Deprest Jan, Brady Paul, Nicolaides Kypros, Benachi Alexandra, Berg Christoph, Vermeesch Joris, Gardener Glenn, Gratacos Eduard
Department of Obstetrics and Gynaecology, University Hospitals Leuven, and Academic Department of Development and Regeneration, Organ System Cluster, Leuven, Belgium; TOTAL Consortium (Tracheal Occlusion To Accelerate Lung Growth Trial).
Department of Human Genetics, University Hospitals Leuven, Leuven, Belgium.

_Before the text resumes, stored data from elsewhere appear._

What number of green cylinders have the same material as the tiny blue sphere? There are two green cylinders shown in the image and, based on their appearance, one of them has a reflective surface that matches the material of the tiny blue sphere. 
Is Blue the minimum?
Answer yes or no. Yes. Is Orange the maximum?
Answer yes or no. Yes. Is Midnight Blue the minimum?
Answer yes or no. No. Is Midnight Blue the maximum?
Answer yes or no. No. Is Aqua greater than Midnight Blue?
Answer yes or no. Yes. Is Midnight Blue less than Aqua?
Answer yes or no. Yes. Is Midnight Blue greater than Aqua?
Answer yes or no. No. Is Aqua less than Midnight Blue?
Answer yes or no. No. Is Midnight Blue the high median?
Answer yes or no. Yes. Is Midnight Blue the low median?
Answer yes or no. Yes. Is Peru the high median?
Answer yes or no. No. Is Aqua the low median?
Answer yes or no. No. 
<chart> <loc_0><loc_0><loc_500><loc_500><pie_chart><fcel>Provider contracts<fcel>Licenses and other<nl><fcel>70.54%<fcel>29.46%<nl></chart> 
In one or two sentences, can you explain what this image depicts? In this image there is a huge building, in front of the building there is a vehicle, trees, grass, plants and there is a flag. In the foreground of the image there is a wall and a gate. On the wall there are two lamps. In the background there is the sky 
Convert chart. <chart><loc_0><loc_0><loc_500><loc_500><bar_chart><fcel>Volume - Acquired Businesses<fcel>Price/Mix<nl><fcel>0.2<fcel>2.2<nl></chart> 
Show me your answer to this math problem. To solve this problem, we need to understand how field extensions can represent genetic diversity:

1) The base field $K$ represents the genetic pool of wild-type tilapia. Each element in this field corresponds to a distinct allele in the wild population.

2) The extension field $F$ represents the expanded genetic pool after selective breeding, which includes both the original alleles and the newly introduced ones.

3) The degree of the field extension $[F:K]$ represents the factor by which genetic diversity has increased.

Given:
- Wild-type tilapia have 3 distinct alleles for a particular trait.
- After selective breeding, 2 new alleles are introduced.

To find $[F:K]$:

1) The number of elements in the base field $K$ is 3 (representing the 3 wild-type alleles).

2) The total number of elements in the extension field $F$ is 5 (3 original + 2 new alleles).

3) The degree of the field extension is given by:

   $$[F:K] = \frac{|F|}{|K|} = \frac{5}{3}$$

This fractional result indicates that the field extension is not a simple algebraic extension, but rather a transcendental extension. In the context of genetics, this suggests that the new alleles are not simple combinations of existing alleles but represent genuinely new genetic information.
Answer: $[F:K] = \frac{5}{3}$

Semin Fetal Neonatal Med. 2014 Dec;19(6):338-48. doi: 10.1016/j.siny.2014.09.006. Epub 2014 Nov 11.
Congenital diaphragmatic hernia (CDH) may be isolated or associated with other structural anomalies, the latter with poor prognosis. The defect allows viscera to herniate through the defect into the chest, competing for space with the developing lungs. At birth, pulmonary hypoplasia leads to respiratory insufficiency and persistent pulmonary hypertension that is lethal in up to 30% of patients. When isolated, survival chances can be predicted by antenatal measurement of lung size and liver herniation. Chromosomal microarrays and exome sequencing contribute to understanding genetic factors underlying isolated CDH. Prenatal intervention aims at stimulating lung development, clinically achieved by percutaneous fetal endoscopic tracheal occlusion (FETO) under local anesthesia. The Tracheal Occlusion To Accelerate Lung growth trial (www.totaltrial.eu) is an international randomized trial investigating the role of fetal therapy for severe and moderate pulmonary hypoplasia. Despite an apparent increase in survival following FETO, the search for lesser invasive and more potent prenatal interventions must continue.
先天性膈疝(CDH)可能是孤立性的,也可能与其他结构异常相关,后者预后较差。该缺损使得内脏通过缺损处疝入胸腔,与发育中的肺争夺空间。出生时,肺发育不全导致呼吸功能不全和持续性肺动脉高压,高达30%的患者因此致死。当为孤立性时,可通过产前测量肺大小和肝脏疝入情况来预测生存几率。染色体微阵列和外显子组测序有助于了解孤立性CDH的潜在遗传因素。产前干预旨在刺激肺发育,临床上可通过局部麻醉下的经皮胎儿内镜气管阻塞术(FETO)来实现。气管阻塞促进肺生长试验(www.totaltrial.eu)是一项国际随机试验,研究胎儿治疗对重度和中度肺发育不全的作用。尽管FETO术后生存率明显提高,但仍须继续寻找侵入性更小、效果更强的产前干预措施。